#### Action item:
Below is a set of entries. Reproduce exactly the lines from the one containing "Give the box for the pudding" through the end, both included.

Segment Open

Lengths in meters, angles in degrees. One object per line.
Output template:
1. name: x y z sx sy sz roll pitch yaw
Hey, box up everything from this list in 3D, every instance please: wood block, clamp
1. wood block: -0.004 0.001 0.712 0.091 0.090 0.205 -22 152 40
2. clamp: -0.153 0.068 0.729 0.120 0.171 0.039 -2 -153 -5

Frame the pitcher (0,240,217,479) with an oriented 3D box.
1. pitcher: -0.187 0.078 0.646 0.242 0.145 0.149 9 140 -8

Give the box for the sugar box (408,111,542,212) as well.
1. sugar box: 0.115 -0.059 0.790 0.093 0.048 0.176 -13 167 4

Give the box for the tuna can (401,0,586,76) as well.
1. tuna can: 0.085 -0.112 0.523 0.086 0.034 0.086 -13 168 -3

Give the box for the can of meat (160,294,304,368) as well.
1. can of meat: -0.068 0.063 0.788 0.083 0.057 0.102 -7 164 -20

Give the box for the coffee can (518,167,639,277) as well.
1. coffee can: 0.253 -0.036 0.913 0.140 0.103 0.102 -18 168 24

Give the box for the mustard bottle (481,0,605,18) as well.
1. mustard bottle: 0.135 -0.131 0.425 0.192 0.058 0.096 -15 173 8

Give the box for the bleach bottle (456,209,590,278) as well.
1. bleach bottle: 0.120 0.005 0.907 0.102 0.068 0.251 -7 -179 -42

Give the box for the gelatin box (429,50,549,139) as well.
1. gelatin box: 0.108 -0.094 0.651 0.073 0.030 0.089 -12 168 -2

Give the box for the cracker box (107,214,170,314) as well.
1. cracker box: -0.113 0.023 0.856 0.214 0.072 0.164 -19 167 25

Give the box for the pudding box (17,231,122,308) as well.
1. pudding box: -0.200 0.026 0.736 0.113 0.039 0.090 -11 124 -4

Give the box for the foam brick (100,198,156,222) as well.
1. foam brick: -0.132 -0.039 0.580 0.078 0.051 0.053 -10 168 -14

Segment Closed

#### Problem solution:
Give the box for the pudding box (17,231,122,308) as well.
1. pudding box: -0.200 0.026 0.736 0.113 0.039 0.090 -11 124 -4

Give the box for the foam brick (100,198,156,222) as well.
1. foam brick: -0.132 -0.039 0.580 0.078 0.051 0.053 -10 168 -14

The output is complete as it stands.